The suggestion of a protective effect for possession of one more IL1R1rs2287047 minor alleles is intriguing. The IL1R1 gene is located in a cluster of related cytokine receptor genes on chromosome 2q12. IL1R1rs2287047 is located in intron-1, a non-coding section of the gene. The A allele of this SNP is associated with a protective effect against severe osteoarthritis of the hand and, even though it is located on a non-coding section of the gene, was found to co-localize with predicted transcription factor binding sites [37]. The IL1R1 gene is associated with activation of nuclear factor kappa B, a modulator of inflammatory and immune gene expression that may be involved in the processes of synaptic plasticity and memory [38]. The IL1R1rs2287047 minor allele also is hypothesized to be protective against activation of the p38 pathway in response to stress stimuli and inflammatory signals [39]. The p38 Mitogen-Activated Protein Kinase (MAPK) signaling pathway is involved in cytokine production (including IL1 and TNFα) and the stress response and has been implicated in postoperative pulmonary complications in lung cancer patients as well as other inflammatory processes such as Alzheimer’s disease [40]. Further research with larger sample sizes is warranted to explore the potential protective effect for the IL1R1rs2287047 minor allele against complaints of decreased PCF for breast cancer survivors.

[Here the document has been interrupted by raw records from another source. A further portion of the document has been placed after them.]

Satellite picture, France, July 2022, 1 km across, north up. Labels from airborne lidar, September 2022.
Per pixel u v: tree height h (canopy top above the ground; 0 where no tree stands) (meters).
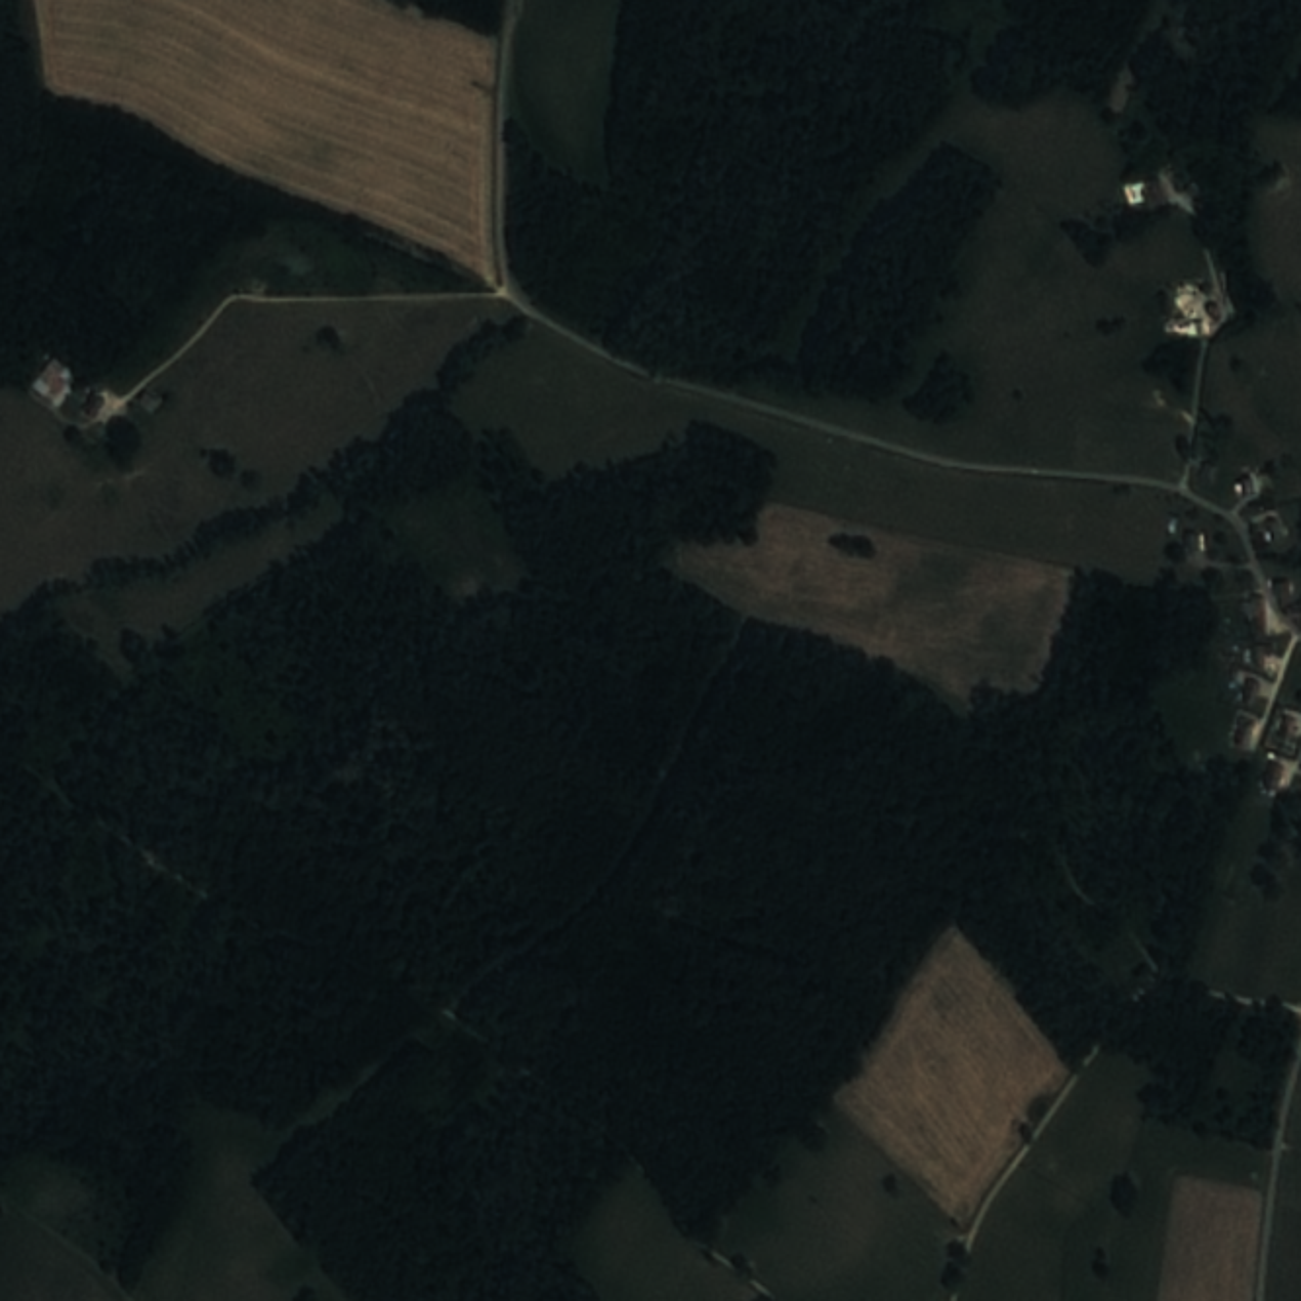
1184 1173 0
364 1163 10
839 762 24
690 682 21
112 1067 19
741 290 17
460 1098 6
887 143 15
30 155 17
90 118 15
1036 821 22
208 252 17
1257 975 0
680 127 9
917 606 0
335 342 18
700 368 17
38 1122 16
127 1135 26
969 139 0
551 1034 21
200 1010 24
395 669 26
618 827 20
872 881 21
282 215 11
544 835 20
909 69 23
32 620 22
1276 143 0
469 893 9
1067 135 0
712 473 14
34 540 0
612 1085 19
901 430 0
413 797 31
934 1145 0
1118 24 16
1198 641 18
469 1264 9
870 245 17
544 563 21
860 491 0
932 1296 0
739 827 21
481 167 0
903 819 24
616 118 18
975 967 0
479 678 30
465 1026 15
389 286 0
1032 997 21
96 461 0
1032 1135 13
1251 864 0
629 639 21
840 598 0
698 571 0
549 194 18
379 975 21
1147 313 0
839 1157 0
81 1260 0
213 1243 0
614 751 20
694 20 22
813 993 23
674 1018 21
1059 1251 0
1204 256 0
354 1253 21
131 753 25
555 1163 26
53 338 13
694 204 16
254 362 0
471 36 0
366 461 19
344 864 19
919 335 19
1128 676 9
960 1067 0
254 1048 9
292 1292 0
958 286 16
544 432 0
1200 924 13
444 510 0
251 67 0
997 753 16
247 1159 0
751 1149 24
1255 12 10
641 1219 0
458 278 10
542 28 0
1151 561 0
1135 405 0
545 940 15
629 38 21
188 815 23
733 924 8
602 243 6
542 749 28
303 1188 15
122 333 24
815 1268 0
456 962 14
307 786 19
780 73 20
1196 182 7
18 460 0
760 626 16
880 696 26
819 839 24
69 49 0
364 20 0
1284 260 0
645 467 7
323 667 21
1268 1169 0
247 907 19
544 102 0
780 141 19
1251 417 0
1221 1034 13
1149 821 24
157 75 0
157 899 13
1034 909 27
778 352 0
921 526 0
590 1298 28
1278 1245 0
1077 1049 17
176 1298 0
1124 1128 0
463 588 0
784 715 27
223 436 0
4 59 22
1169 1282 0
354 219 11
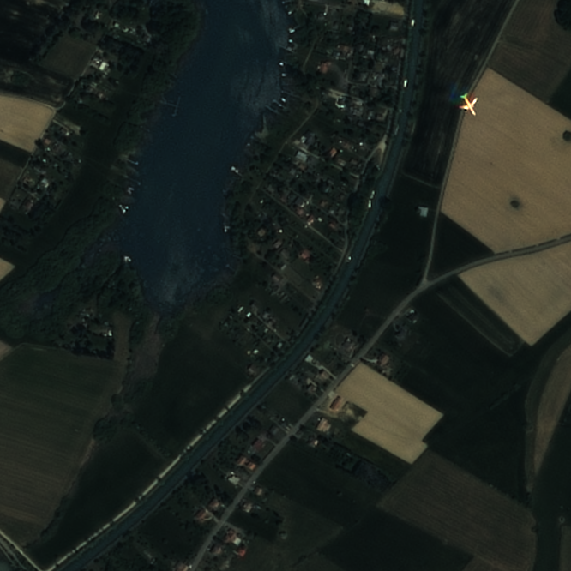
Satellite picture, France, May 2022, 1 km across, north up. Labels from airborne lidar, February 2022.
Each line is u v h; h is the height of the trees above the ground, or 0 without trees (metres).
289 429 0
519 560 0
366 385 0
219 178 0
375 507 0
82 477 0
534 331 0
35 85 0
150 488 0
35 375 0
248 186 6
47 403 0
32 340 0
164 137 0
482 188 0
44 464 0
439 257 0
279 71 0
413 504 0
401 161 0
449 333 0
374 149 0
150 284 0
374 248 7
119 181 0
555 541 0
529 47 0
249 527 0
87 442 0
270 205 15
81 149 0
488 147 0
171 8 18
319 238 0
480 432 0
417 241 0
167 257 0
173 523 0
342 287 0
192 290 0
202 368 0
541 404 0
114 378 0
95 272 7
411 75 0
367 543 0
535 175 0
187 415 0
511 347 0
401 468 0
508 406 0
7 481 0
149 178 0
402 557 0
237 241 15
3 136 0
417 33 0
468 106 0
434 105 0
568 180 0
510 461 0
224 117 0
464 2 0
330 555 0
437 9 0
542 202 0
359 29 13
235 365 0
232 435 0
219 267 0
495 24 0
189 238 0
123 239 0
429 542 0
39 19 0
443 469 0
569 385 0
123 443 0
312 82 13
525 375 0
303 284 0
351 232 7
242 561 0
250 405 0
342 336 0
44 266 7
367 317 0
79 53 0
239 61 0
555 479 0
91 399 0
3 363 0
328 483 0
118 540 0
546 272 0
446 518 0
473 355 0
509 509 0
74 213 0
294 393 0
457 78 0
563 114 0
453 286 0
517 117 0
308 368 0
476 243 0
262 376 0
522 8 0
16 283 6
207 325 0
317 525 0
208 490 10
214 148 0
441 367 0
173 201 0
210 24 0
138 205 0
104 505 0
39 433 0
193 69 0
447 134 0
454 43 0
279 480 0
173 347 0
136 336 8
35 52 15
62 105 0
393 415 0
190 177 0
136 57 15
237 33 0
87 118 0
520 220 0
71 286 8
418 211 7
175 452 0
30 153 0
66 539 0
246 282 0
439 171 0
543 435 0
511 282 0
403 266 0
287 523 0
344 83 0
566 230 0
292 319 0
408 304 0
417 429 0
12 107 0
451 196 0
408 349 0
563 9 13
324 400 0
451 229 0
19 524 0
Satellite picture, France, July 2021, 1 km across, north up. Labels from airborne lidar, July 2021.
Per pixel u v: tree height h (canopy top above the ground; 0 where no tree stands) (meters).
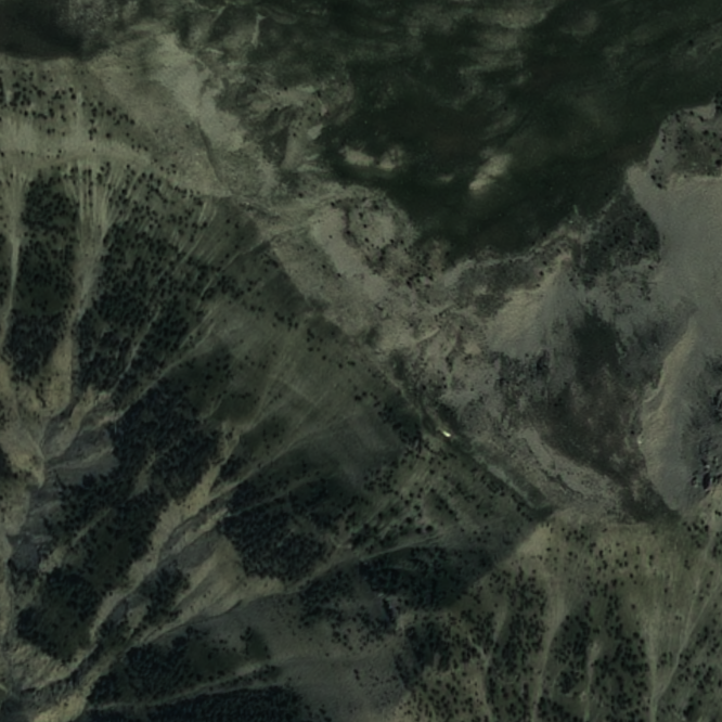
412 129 0
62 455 0
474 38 0
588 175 0
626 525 0
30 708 0
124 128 0
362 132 0
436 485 0
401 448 0
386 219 0
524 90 0
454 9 0
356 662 0
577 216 0
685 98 0
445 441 0
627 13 0
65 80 0
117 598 0
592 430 0
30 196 7
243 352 0
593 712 0
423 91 0
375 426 0
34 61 0
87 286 0
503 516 0
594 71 0
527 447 0
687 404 0
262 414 0
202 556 0
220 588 0
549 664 0
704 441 0
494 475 0
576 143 0
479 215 0
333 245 0
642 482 0
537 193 0
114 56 0
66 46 0
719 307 0
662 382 0
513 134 0
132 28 0
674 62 0
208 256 0
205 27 0
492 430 0
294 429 0
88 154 0
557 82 0
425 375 0
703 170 0
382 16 0
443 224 0
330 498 12
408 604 9
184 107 0
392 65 0
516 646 10
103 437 0
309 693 0
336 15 0
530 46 0
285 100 0
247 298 0
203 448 14
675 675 0
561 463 0
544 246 0
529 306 0
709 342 0
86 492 19
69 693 0
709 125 0
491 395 0
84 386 8
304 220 0
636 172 0
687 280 0
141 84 0
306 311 0
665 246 0
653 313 0
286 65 0
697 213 0
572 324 0
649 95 0
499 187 0
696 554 0
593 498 0
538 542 0
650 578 0
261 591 0
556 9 0
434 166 0
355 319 0
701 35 0
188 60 0
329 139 0
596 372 0
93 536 8
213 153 0
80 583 18
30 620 15
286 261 0
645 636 0
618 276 0
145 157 0
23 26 0
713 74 0
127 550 0
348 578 6
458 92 0
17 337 12
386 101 0
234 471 8
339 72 0
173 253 7
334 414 0
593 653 0
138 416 12
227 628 0
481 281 0
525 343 0
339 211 0
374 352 0
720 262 0
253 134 0
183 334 12
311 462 0
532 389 0
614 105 0
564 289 0
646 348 0
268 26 0
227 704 11
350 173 0
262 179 0
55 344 12
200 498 0
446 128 0
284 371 0
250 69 0
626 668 11
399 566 0
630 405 0
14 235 0
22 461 0
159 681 21
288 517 12
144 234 6
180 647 12
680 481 0
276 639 0
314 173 0
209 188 0
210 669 0
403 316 0
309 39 0
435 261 0
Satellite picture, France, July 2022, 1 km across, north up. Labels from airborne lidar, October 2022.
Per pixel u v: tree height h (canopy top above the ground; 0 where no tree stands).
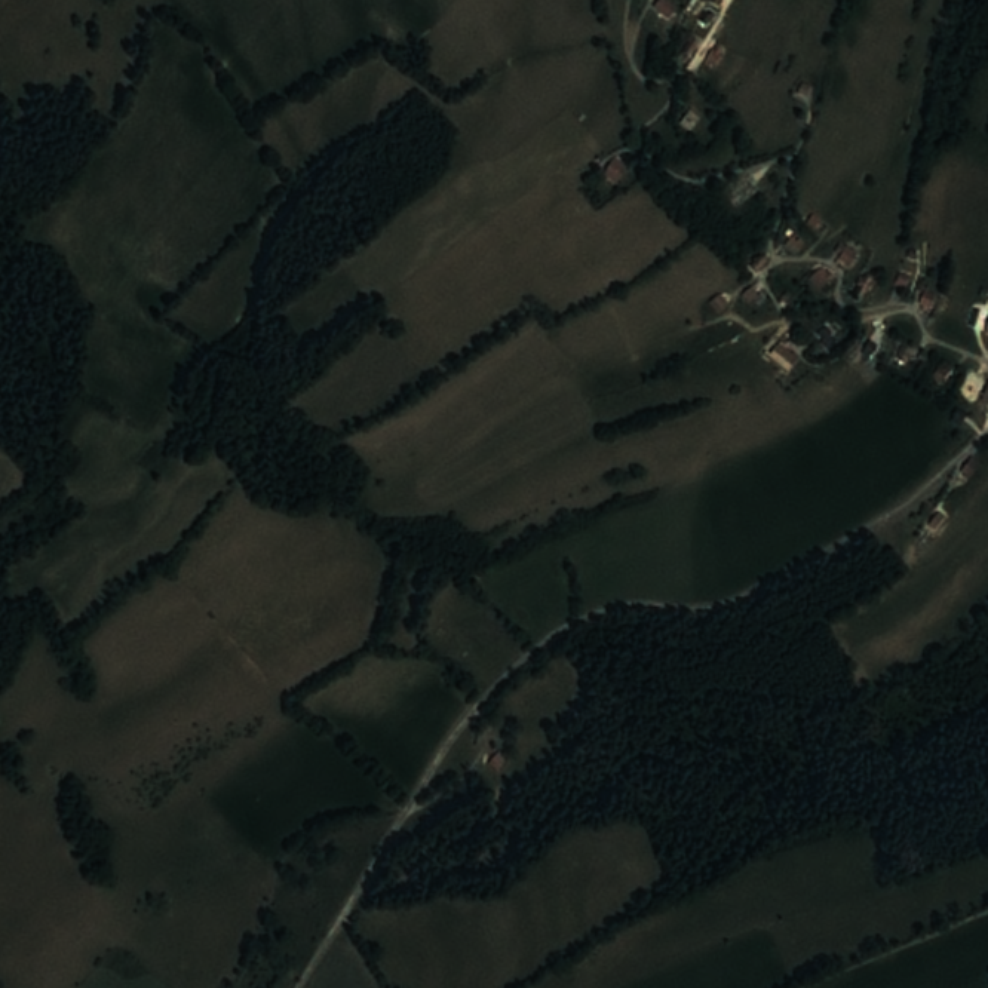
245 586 0
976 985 0
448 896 19
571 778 32
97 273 0
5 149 27
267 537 0
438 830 33
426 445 0
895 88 0
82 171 32
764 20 0
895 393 0
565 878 0
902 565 14
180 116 0
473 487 0
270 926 19
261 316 32
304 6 0
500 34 0
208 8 0
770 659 10
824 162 0
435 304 0
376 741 0
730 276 0
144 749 0
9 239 15
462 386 0
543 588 0
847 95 0
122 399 0
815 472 0
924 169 23
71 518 16
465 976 0
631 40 0
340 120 0
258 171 0
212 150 0
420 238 0
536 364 0
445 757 0
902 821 37
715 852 28
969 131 14
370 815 16
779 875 0
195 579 0
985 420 0
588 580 0
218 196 0
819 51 0
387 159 9
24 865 0
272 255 27
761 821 7
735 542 0
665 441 0
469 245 0
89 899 0
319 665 0
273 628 0
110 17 0
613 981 0
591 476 0
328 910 0
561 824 32
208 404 16
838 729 30
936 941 0
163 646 0
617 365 0
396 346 0
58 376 13
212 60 15
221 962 0
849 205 0
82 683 20
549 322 22
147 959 0
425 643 25
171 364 0
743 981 0
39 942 0
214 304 0
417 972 0
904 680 23
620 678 29
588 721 28
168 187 0
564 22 0
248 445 19
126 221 0
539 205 0
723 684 14
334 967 0
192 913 0
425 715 0
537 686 0
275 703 0
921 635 0
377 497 0
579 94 0
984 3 29
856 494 0
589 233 0
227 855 0
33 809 0
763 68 0
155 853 0
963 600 0
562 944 0
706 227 21
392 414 20
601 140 0
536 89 0
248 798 0
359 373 0
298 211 31
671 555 0
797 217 24
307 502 25
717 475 0
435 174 16
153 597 0
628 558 0
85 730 0
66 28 0
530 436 0
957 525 0
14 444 11
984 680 15
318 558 0
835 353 13
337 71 22
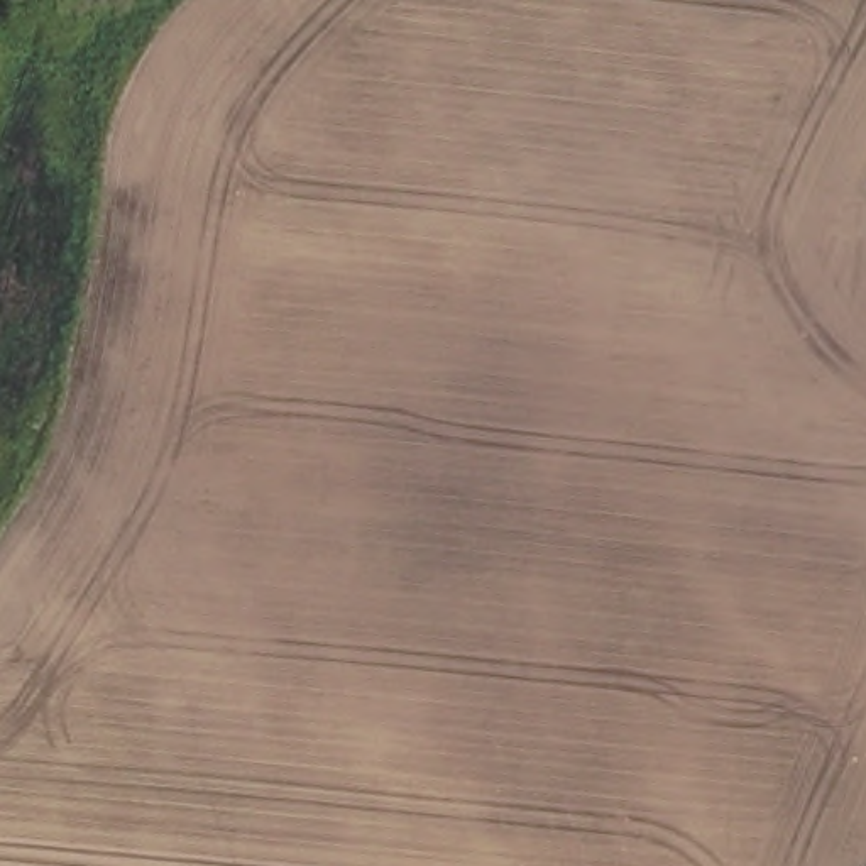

The association of higher exercise frequency with better PCF is consistent with previous research findings and provides further support of exercise as a potential intervention for complaints of decreased cognitive function in breast cancer survivors. Recently published results of two prospective studies demonstrated a relationship between polymorphisms of IL1R1rs949963, IL6rs1800795, and lower scores of self-reported attentional function for patients receiving radiation therapy for breast cancer and their caregivers [10,11]. We found no association between IL1R1rs949963, IL6rs1800795 or TNF SNPs and PCF. This difference in findings may be due to our sample size, time since therapy completion, and the use of different measures of PCF.

Surprisingly, neither age nor education contributed significantly to the regression model. Participants’ ages ranged from 34 to 89 years with a mean age of 54.86 years. The sample was not balanced in terms of education level. Only 13 participants were educated at less than college level. Measurement of years of education (as opposed to levels of education) may have been more informative. As expected, we found significant correlation between fatigue and distress, the other potentially confounding variables. Ultimately fatigue was the only significant predictor when investigated in combination with exercise frequency and IL1R1rs2287047 genotype.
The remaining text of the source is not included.